WORK REQUEST
Report only how many lines below include "pitch".

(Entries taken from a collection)
⁂
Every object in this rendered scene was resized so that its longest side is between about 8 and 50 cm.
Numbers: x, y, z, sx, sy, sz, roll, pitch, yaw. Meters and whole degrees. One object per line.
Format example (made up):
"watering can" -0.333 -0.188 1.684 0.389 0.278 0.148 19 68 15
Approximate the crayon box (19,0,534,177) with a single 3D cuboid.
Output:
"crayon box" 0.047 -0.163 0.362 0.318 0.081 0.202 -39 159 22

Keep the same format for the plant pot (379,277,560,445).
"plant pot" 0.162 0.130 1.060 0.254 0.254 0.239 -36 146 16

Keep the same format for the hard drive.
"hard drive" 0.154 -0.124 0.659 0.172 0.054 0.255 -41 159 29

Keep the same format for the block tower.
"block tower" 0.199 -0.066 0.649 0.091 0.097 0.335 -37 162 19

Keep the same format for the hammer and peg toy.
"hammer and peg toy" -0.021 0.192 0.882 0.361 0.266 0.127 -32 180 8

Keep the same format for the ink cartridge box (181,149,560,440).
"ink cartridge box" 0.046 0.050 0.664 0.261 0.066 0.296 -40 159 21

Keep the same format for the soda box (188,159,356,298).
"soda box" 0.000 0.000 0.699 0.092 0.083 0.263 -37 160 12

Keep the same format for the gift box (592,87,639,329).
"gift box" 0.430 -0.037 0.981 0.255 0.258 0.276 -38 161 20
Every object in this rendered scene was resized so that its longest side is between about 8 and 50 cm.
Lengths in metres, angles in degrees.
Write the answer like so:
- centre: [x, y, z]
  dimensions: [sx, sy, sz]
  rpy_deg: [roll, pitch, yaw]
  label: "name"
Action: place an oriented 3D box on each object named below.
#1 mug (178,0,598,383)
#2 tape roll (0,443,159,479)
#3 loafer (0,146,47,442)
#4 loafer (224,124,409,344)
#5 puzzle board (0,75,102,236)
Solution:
⁂
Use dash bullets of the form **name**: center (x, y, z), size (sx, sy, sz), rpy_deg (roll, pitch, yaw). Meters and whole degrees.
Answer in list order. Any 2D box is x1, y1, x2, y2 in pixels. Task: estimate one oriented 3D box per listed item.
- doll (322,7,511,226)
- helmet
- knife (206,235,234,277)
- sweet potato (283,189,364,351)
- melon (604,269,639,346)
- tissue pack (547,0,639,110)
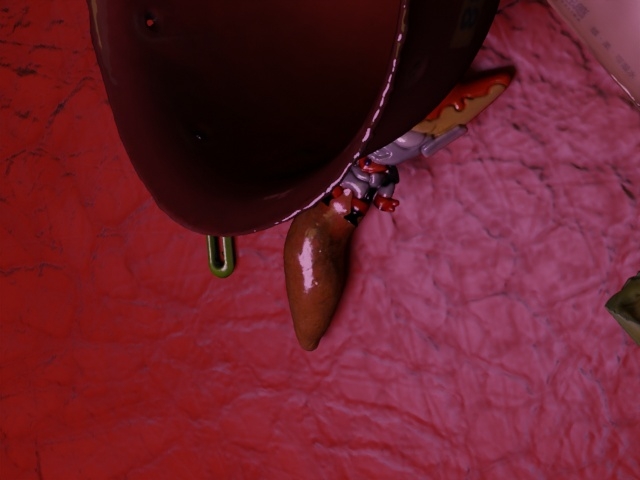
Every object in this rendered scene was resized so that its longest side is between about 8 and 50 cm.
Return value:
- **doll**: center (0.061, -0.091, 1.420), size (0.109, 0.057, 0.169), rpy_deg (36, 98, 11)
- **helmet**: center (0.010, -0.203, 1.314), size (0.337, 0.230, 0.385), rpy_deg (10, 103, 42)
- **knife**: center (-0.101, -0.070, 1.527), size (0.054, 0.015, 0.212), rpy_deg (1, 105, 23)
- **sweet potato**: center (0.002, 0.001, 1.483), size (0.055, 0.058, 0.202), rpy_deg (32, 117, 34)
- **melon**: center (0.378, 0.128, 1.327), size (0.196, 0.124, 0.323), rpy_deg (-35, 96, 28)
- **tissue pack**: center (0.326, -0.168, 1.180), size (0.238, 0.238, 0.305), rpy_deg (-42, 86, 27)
⁂
RESULT OF THIS TASK
3